A life-affirming exploration of the common grace of creation and appreciation of the miraculous in every day

WHEN GOD MADE LIGHT

Turner and illustrator Catrow team up again for a fresh follow-up to When God Made You (2017).

The book opens with two young black girls with hair in cornrows, a rambunctious mutt, and a playful cat engrossed in creative indoor play. The rhyming text seems to draw the girls outside as sunshine spills through their large window. “Dance in the grass. / Go climbing in trees. / Build castles with sand. / Face the wind; feel its breeze.” Ebullient illustrations in Catrow’s signature style depict the two girls and their pets as they frolic and explore in their own backyard and beyond, employing chiaroscuro with often dramatic effect.
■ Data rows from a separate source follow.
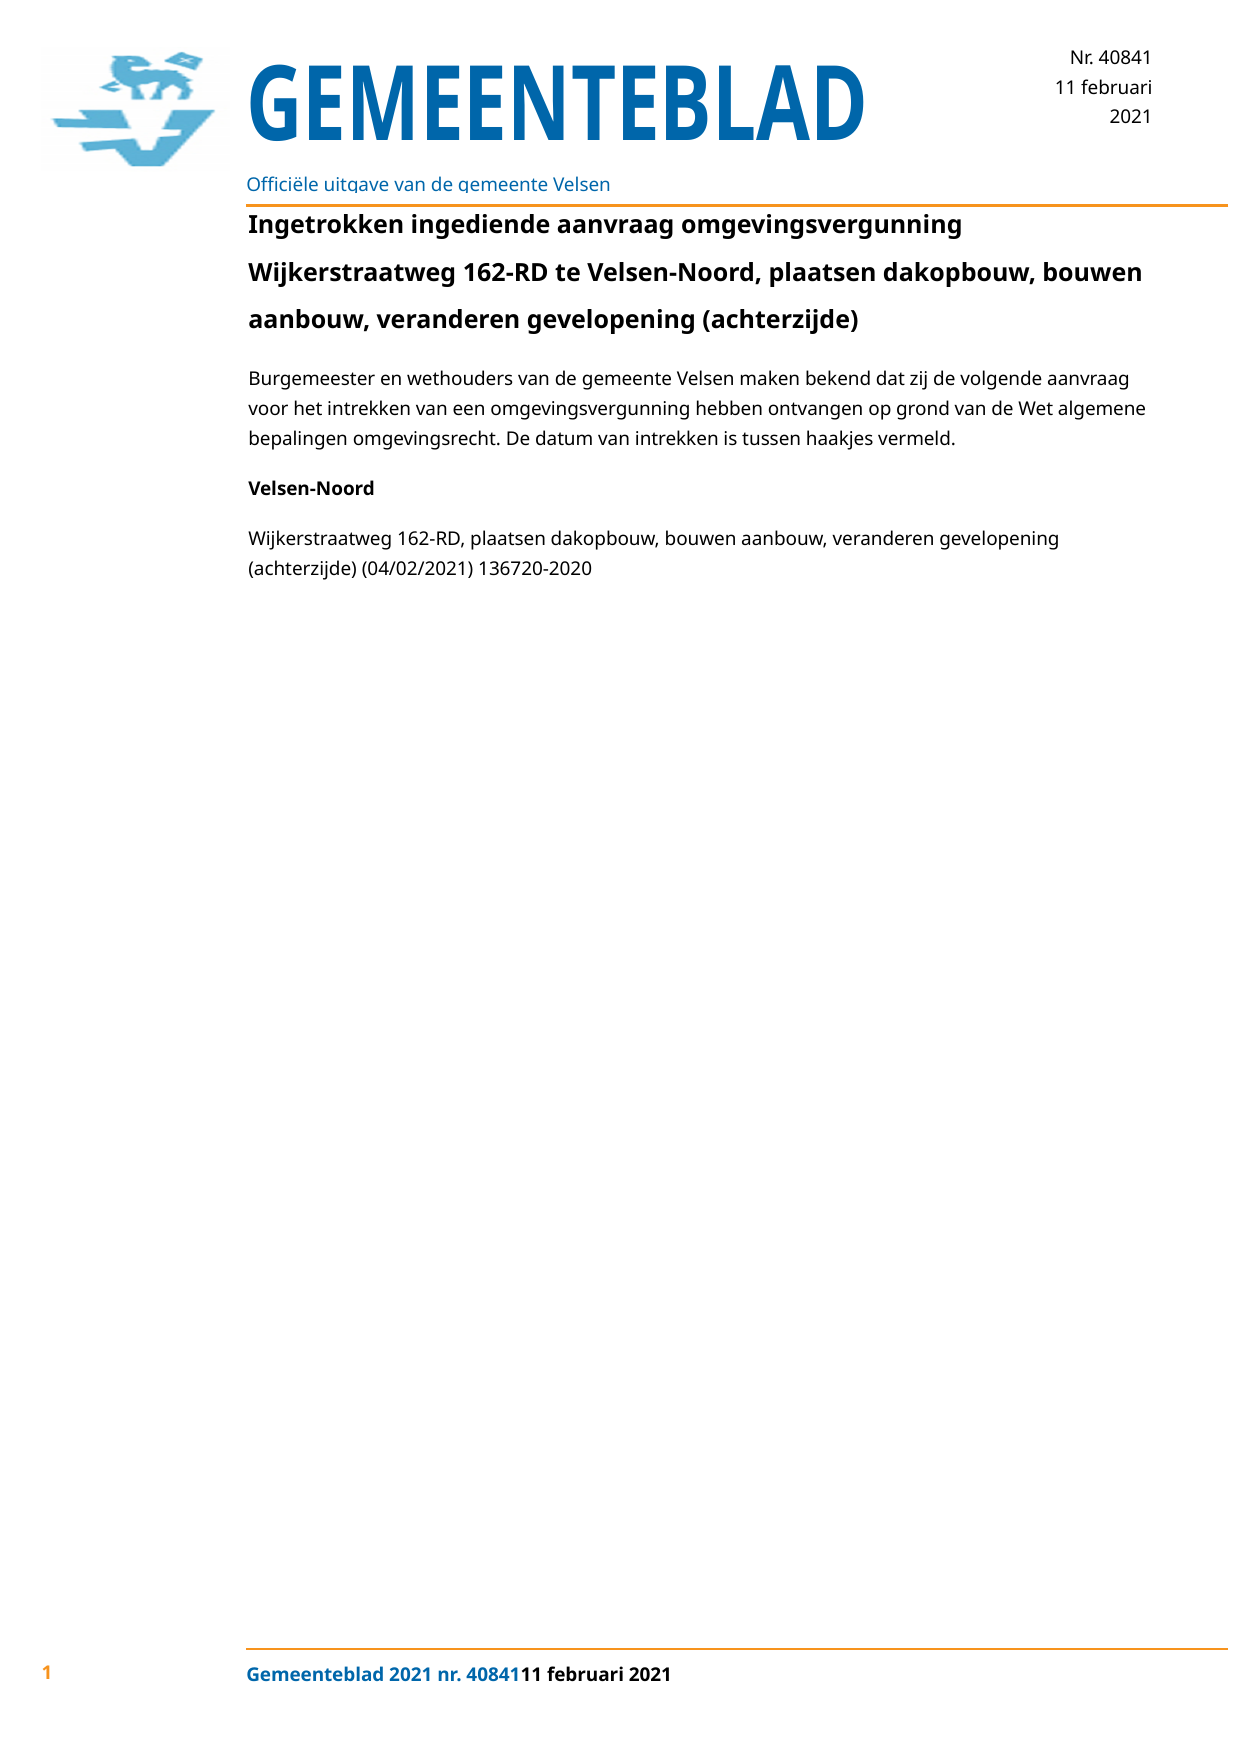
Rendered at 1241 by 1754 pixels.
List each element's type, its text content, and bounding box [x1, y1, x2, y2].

text Wijkerstraatweg 162-RD, plaatsen dakopbouw, bouwen aanbouw, veranderen gevelopening (achterzijde) (04/02/2021) 136720-2020 [248, 526, 1152, 581]
text Ingetrokken ingediende aanvraag omgevingsvergunning Wijkerstraatweg 162-RD te Velsen-Noord, plaatsen dakopbouw, bouwen aanbouw, veranderen gevelopening (achterzijde) [248, 207, 1152, 336]
text Burgemeester en wethouders van de gemeente Velsen maken bekend dat zij de volgende aanvraag voor het intrekken van een omgevingsvergunning hebben ontvangen op grond van de Wet algemene bepalingen omgevingsrecht. De datum van intrekken is tussen haakjes vermeld. [248, 366, 1152, 450]
text Velsen-Noord [248, 475, 1152, 501]
picture [41, 47, 231, 172]
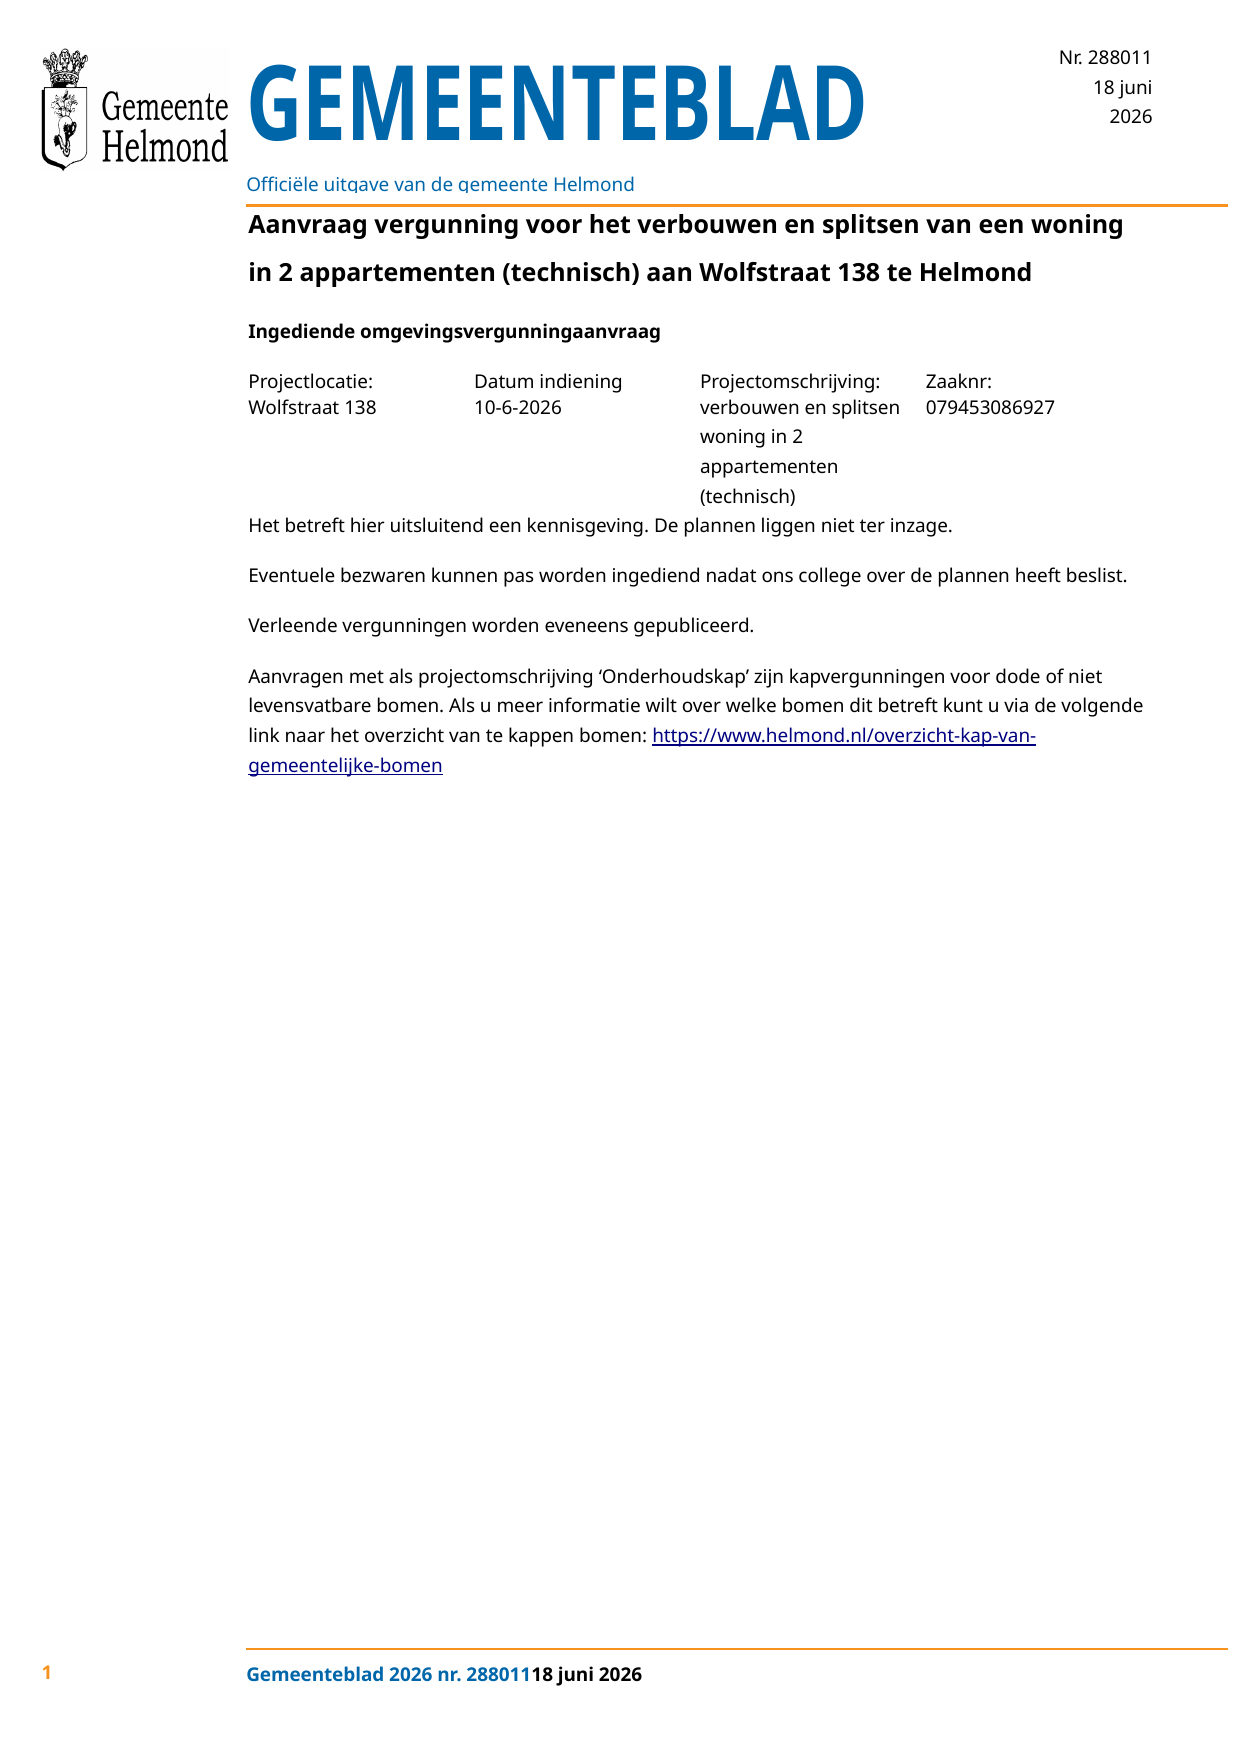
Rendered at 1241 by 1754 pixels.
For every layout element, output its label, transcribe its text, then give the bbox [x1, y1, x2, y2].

table_cell 10-6-2026 [474, 394, 700, 509]
text Aanvragen met als projectomschrijving ‘Onderhoudskap’ zijn kapvergunningen voor dode of niet levensvatbare bomen. Als u meer informatie wilt over welke bomen dit betreft kunt u via de volgende link naar het overzicht van te kappen bomen: https://www.helmond.nl/overzicht-kap-van-gemeentelijke-bomen [248, 663, 1152, 778]
table_cell 079453086927 [926, 394, 1152, 509]
text Ingediende omgevingsvergunningaanvraag [248, 318, 1152, 344]
text Eventuele bezwaren kunnen pas worden ingediend nadat ons college over de plannen heeft beslist. [248, 562, 1152, 588]
table_cell verbouwen en splitsen woning in 2 appartementen (technisch) [700, 394, 926, 509]
table_header Projectomschrijving: [700, 369, 926, 394]
text Verleende vergunningen worden eveneens gepubliceerd. [248, 613, 1152, 638]
picture [41, 47, 231, 172]
table_cell Wolfstraat 138 [248, 394, 474, 509]
text Het betreft hier uitsluitend een kennisgeving. De plannen liggen niet ter inzage. [248, 512, 1152, 538]
table_header Datum indiening [474, 369, 700, 394]
table_header Zaaknr: [926, 369, 1152, 394]
text Aanvraag vergunning voor het verbouwen en splitsen van een woning in 2 appartementen (technisch) aan Wolfstraat 138 te Helmond [248, 207, 1152, 288]
table_header Projectlocatie: [248, 369, 474, 394]
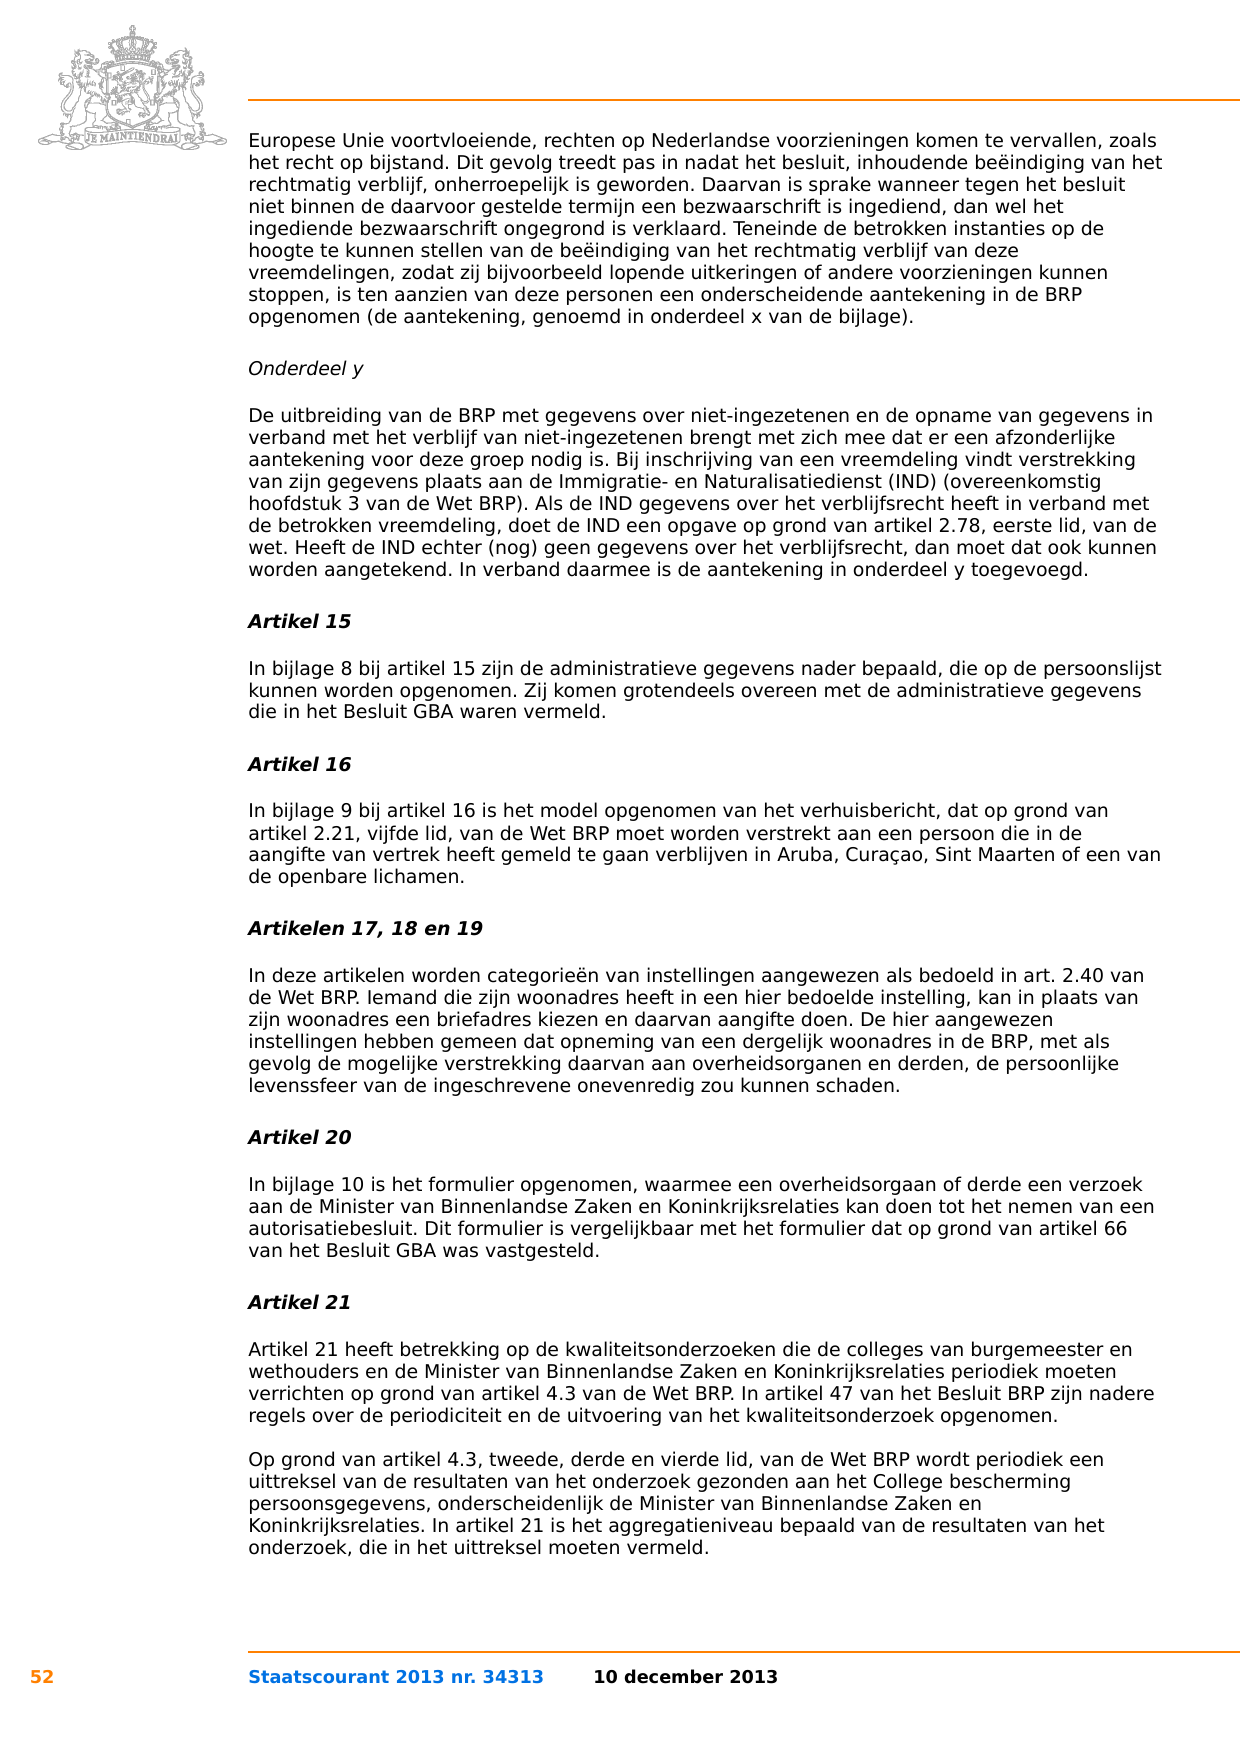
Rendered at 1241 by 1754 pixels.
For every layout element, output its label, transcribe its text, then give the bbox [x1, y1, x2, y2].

subtitle Onderdeel y [248, 358, 1163, 380]
text In deze artikelen worden categorieën van instellingen aangewezen als bedoeld in art. 2.40 van de Wet BRP. Iemand die zijn woonadres heeft in een hier bedoelde instelling, kan in plaats van zijn woonadres een briefadres kiezen en daarvan aangifte doen. De hier aangewezen instellingen hebben gemeen dat opneming van een dergelijk woonadres in de BRP, met als gevolg de mogelijke verstrekking daarvan aan overheidsorganen en derden, de persoonlijke levenssfeer van de ingeschrevene onevenredig zou kunnen schaden. [248, 965, 1163, 1097]
subtitle Artikel 15 [248, 611, 1163, 632]
subtitle Artikel 20 [248, 1127, 1163, 1149]
text Op grond van artikel 4.3, tweede, derde en vierde lid, van de Wet BRP wordt periodiek een uittreksel van de resultaten van het onderzoek gezonden aan het College bescherming persoonsgegevens, onderscheidenlijk de Minister van Binnenlandse Zaken en Koninkrijksrelaties. In artikel 21 is het aggregatieniveau bepaald van de resultaten van het onderzoek, die in het uittreksel moeten vermeld. [248, 1449, 1163, 1559]
text Artikel 21 heeft betrekking op de kwaliteitsonderzoeken die de colleges van burgemeester en wethouders en de Minister van Binnenlandse Zaken en Koninkrijksrelaties periodiek moeten verrichten op grond van artikel 4.3 van de Wet BRP. In artikel 47 van het Besluit BRP zijn nadere regels over de periodiciteit en de uitvoering van het kwaliteitsonderzoek opgenomen. [248, 1339, 1163, 1427]
subtitle Artikel 21 [248, 1292, 1163, 1314]
subtitle Artikel 16 [248, 753, 1163, 775]
text In bijlage 8 bij artikel 15 zijn de administratieve gegevens nader bepaald, die op de persoonslijst kunnen worden opgenomen. Zij komen grotendeels overeen met de administratieve gegevens die in het Besluit GBA waren vermeld. [248, 657, 1163, 723]
text In bijlage 10 is het formulier opgenomen, waarmee een overheidsorgaan of derde een verzoek aan de Minister van Binnenlandse Zaken en Koninkrijksrelaties kan doen tot het nemen van een autorisatiebesluit. Dit formulier is vergelijkbaar met het formulier dat op grond van artikel 66 van het Besluit GBA was vastgesteld. [248, 1174, 1163, 1262]
text Europese Unie voortvloeiende, rechten op Nederlandse voorzieningen komen te vervallen, zoals het recht op bijstand. Dit gevolg treedt pas in nadat het besluit, inhoudende beëindiging van het rechtmatig verblijf, onherroepelijk is geworden. Daarvan is sprake wanneer tegen het besluit niet binnen de daarvoor gestelde termijn een bezwaarschrift is ingediend, dan wel het ingediende bezwaarschrift ongegrond is verklaard. Teneinde de betrokken instanties op de hoogte te kunnen stellen van de beëindiging van het rechtmatig verblijf van deze vreemdelingen, zodat zij bijvoorbeeld lopende uitkeringen of andere voorzieningen kunnen stoppen, is ten aanzien van deze personen een onderscheidende aantekening in de BRP opgenomen (de aantekening, genoemd in onderdeel x van de bijlage). [248, 130, 1163, 328]
text De uitbreiding van de BRP met gegevens over niet-ingezetenen en de opname van gegevens in verband met het verblijf van niet-ingezetenen brengt met zich mee dat er een afzonderlijke aantekening voor deze groep nodig is. Bij inschrijving van een vreemdeling vindt verstrekking van zijn gegevens plaats aan de Immigratie- en Naturalisatiedienst (IND) (overeenkomstig hoofdstuk 3 van de Wet BRP). Als de IND gegevens over het verblijfsrecht heeft in verband met de betrokken vreemdeling, doet de IND een opgave op grond van artikel 2.78, eerste lid, van de wet. Heeft de IND echter (nog) geen gegevens over het verblijfsrecht, dan moet dat ook kunnen worden aangetekend. In verband daarmee is de aantekening in onderdeel y toegevoegd. [248, 405, 1163, 581]
text In bijlage 9 bij artikel 16 is het model opgenomen van het verhuisbericht, dat op grond van artikel 2.21, vijfde lid, van de Wet BRP moet worden verstrekt aan een persoon die in de aangifte van vertrek heeft gemeld te gaan verblijven in Aruba, Curaçao, Sint Maarten of een van de openbare lichamen. [248, 800, 1163, 888]
subtitle Artikelen 17, 18 en 19 [248, 918, 1163, 940]
picture [38, 25, 227, 150]

Throughout, both pictures and text revel in God’s creation, light in particular and its glowing presence in the sun, moon, and stars as well as within the children themselves. This recurring theme of God’s divine light residing in each person may feel a little New Age–y for some mainstream adult readers; Quakers, however, will recognize the sentiment as a core tenet. Such theological quibbles would likely be far above the heads of the intended audience, who are sure to identify with the protagonists and their childhood curiosity.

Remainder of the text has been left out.